WHAT THE EXERCISE ASKS
Scan the entries and copy each line where the word "then" is present.
═══ AVAILABLE DATA ═══
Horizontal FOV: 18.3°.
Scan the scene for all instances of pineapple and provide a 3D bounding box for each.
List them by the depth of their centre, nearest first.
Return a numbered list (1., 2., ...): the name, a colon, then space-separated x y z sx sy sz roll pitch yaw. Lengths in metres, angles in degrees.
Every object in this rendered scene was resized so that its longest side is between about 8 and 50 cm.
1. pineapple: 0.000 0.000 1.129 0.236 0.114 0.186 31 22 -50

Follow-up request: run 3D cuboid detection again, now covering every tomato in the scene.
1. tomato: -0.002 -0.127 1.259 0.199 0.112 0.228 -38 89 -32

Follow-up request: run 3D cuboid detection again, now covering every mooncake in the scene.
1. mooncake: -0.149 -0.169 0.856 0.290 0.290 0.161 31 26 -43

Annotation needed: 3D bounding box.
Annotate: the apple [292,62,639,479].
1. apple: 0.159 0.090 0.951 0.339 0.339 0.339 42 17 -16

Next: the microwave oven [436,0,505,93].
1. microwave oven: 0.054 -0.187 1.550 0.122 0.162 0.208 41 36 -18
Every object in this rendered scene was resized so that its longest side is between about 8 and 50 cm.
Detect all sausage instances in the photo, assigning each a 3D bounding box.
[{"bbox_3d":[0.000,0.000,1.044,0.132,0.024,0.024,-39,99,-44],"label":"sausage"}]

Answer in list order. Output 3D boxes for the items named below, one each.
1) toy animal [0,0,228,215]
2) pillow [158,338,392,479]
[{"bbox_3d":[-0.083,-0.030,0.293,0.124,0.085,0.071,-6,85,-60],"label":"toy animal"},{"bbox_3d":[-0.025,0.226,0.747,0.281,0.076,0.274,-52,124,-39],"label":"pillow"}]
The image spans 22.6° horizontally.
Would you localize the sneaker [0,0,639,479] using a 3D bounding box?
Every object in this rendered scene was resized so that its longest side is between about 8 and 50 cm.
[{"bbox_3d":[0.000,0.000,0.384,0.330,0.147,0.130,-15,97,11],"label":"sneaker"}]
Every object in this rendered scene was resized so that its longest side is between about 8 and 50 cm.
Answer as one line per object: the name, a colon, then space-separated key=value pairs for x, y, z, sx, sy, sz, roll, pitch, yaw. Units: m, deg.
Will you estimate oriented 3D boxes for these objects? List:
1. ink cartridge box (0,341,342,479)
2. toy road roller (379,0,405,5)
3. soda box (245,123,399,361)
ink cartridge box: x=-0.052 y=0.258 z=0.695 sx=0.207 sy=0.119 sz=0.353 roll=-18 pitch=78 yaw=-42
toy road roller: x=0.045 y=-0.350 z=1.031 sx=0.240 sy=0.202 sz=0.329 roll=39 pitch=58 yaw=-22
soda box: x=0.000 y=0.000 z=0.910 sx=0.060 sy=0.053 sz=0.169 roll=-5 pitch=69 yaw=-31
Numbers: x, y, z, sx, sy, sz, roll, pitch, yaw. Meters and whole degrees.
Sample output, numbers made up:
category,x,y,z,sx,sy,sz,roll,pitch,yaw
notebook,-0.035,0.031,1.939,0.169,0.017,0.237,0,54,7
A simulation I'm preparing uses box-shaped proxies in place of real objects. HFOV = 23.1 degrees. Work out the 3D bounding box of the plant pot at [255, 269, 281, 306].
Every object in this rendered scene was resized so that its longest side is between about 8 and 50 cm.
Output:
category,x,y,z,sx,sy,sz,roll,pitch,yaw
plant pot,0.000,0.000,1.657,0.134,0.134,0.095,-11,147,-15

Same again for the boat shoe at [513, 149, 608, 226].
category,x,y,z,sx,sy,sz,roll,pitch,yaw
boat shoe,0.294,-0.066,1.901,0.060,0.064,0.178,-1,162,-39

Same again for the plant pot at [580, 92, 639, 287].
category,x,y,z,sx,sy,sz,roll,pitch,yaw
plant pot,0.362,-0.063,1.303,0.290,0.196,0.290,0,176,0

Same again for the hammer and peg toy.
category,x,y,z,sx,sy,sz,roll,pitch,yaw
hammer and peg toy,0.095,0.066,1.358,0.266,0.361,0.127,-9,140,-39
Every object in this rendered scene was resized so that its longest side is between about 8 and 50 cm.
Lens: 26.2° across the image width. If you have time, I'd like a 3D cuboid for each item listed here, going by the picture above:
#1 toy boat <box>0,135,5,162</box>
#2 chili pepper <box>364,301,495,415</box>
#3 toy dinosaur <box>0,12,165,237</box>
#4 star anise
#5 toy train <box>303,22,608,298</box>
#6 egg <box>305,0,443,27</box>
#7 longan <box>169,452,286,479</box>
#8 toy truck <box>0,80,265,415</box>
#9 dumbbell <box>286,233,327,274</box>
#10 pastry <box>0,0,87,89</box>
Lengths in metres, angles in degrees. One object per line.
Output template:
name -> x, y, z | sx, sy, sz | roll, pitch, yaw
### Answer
═══
ANSWER TO THE EXERCISE
Return a numbered list (1., 2., ...): the name, a colon, then space-separated x y z sx sy sz roll pitch yaw. Lengths in metres, angles in degrees.
Answer as one line per object: the name, a colon, then space-separated key=value pairs for x, y, z, sx, sy, sz, roll, pitch, yaw. Units: m, deg.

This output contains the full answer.